Is it possible to customize the taxa_barplot further? I am splitting my samples into 10 patients and I was hoping to customize the layout of the plot so my faceted figures are in 2 rows of 5 instead of 1 row of 10.
For example, for "cateogry" in taxa_barplot I am using my patient ID's, but can I adjust the placement of the facets instead of having them squashed next to eachother?
Also, for the legend can I have it so only the Genus is displayed rather than the entire taxon string? E.g. Staphylcocccus instead of Bactera;Firmicutes;etc
Hi! As far as I know, there is no way to do it in Qiime2, but you can use Python or R to redraw it. Or manipulate the produced image in some editor.
You can download legend as a .svg file and edit it in svg editor (inkspace) or with a script. But if you redraw your figure in R or Python, you can modify it there.
I was hoping to do it in R. I generated the image using the taxa_barplot function that is part of the Qiime2R package, I was hoping there was a way to customize the code to alter the layout of the figure regarding how the facets are arragned.
I was also hoping to alter the legend in R as well to collapse the text to genus only. I can redraw the figure I'm just not sure how to manipulate the data in R to do it.
You can manipulate the table that contains taxonomy names to split taxonomy names and leave only Genus level annotations and recreate the plot with modified information. Also you can create your own barplot with subplots (2 rows by 5 columns), custom order and so on.
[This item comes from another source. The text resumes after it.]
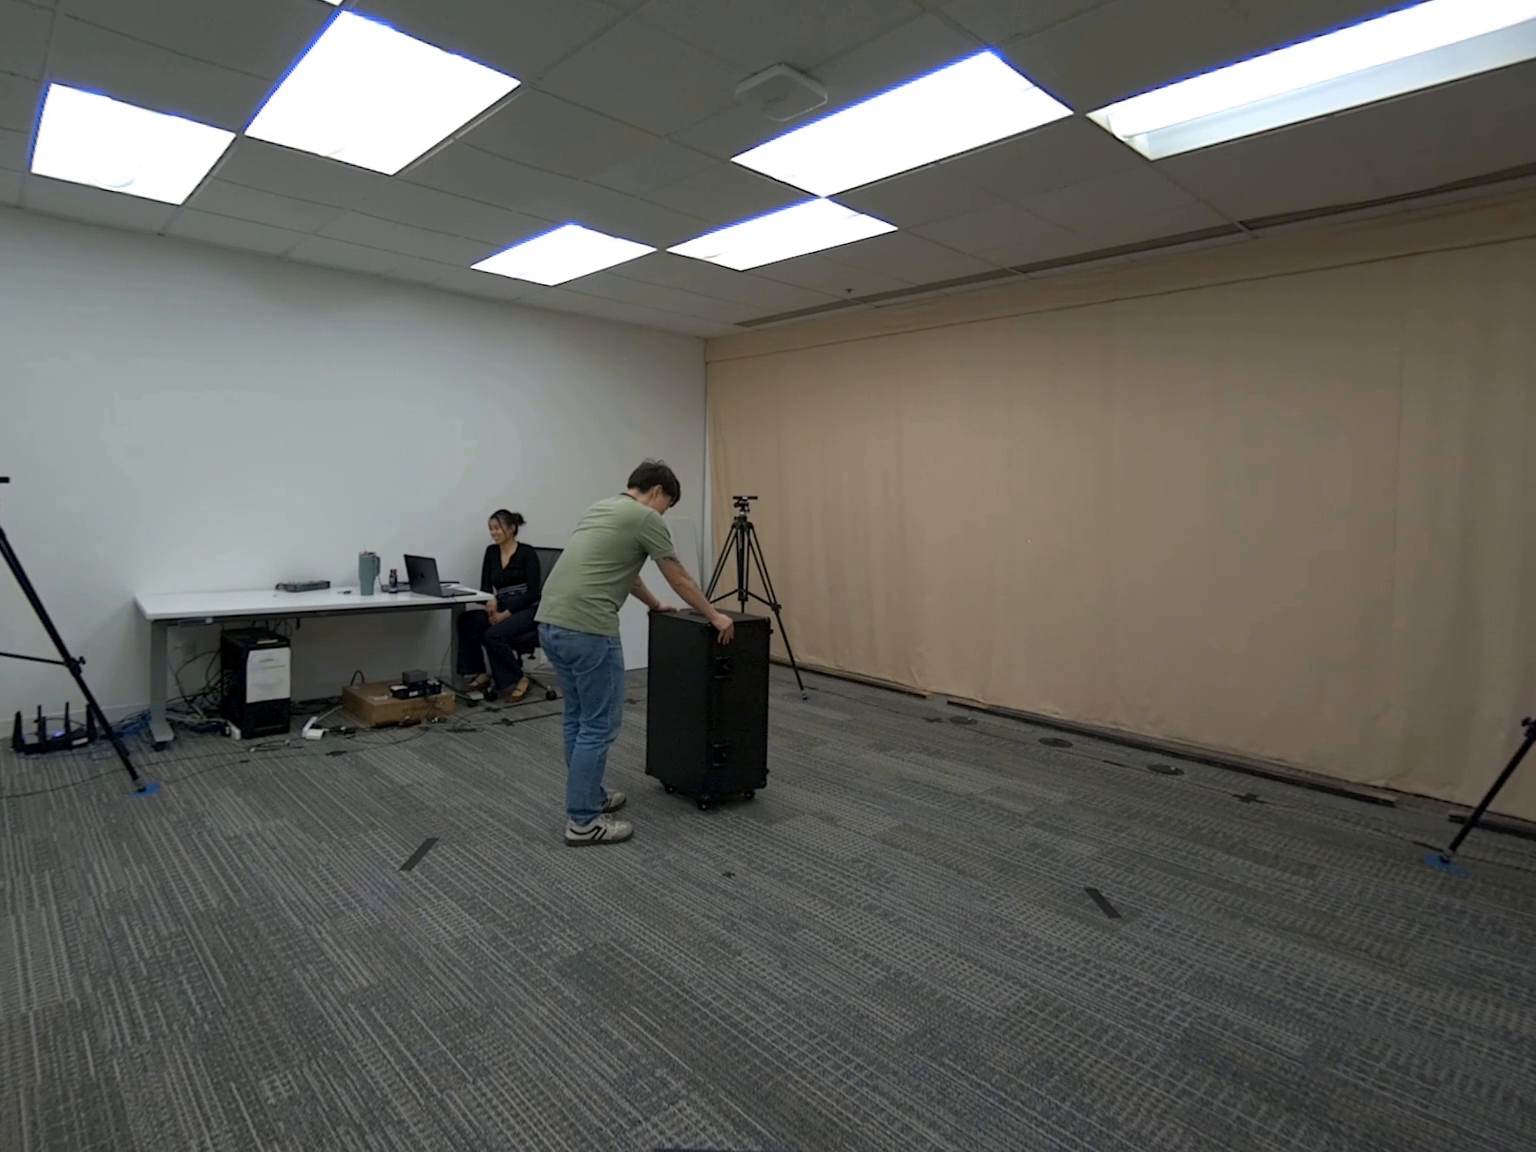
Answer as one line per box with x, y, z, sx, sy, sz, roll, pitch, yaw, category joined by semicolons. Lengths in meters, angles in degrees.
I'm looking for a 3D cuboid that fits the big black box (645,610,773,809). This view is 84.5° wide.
-0.290;0.604;3.935;0.387;0.860;0.534;0;3;-40;big black box

But it is already pure R, not Qiime2.
I used Python to create my barplot like this:
For this example, I used Dokdo's taxa_abundance_plot method on the taxa-bar-plots.qzv file from the famous "Moving Pictures" tutorial (see the Dokdo API for more details on the method). You should be able to recreate the example using the code shown below.
In addition to plotting taxonomic bar plots, you can also use the Dokdo API for plotting many other types of figures, including PCoA and alpha rarefaction curve plots which cannot be easily customized within QIIME 2 Visualizations.